Repost from @technomancy@icosahedron.website

Alt text:

Stop doing Discord

  • capitalists were not supposed to own your community
  • Years of hanging out yet no real-world use found for sending your private data to be sold to advertisers
  • Wanted to leak private data anyway for a laugh? We had a tool for that; it was called “turning off ublock origin”
  • “Yes please search our chat archive for answers to your question. it will certainly remain up forever and not get deleted when the shareholders realize it’s not profitable” statements dreamed up by the utterly deranged

Look at what discord admins have been demanding your respect for all this time:

  • task manager screenshot, discord using 97% of CPU
  • discord making too many automated requests and getting throttled
  • crash screenshot

“3rd-party client? lifetime ban”

They have played us for absolute fools

Based on this image macro

  • I recently was setting up Synapse on my NAS, and installed Element, which had a login I’d previously used on the main Matrix server. I stared at my nearly-empty window looking for anything that might guide me to get some information, find some channels… SOMETHING.

    On Discord, once I’m on a server, I immediately have channels. And there’s a list of servers along the left side that I’ve joined.

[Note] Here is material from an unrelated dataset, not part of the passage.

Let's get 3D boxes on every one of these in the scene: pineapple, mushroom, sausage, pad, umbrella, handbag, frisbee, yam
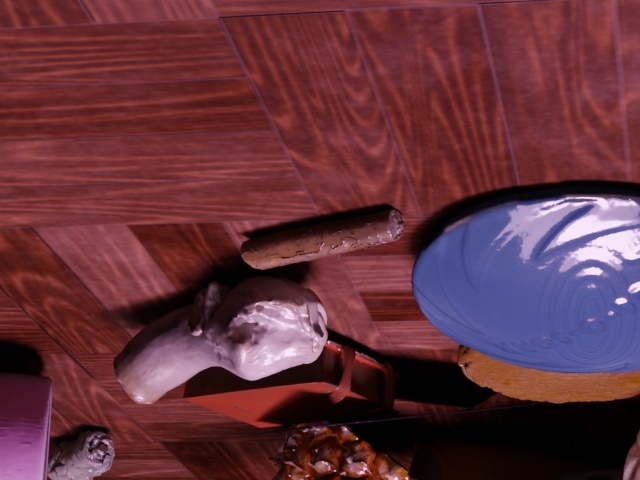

    AFAICT, you have to search for chat rooms yourself (or have links from elsewhere, I imagine?).

    And while that’s not hard, it’s very much indirect and inconvenient.

    If I convince someone to join me over on a Matrix chat server and they make an account and then all they see is an empty chat with a “Look for rooms” button, that’s a lot of work to get started.

    Also, I don’t see any way to have specific communities to join which come with a set of rooms already, which is one of the biggest benefits IMO of Discord – the sense of a “community” of discussions.

    And it may be that these things do all exist already; but the fact that I don’t just see them and can use them out the gate without research… that’s a major hurdle to ask people to overcome for most users.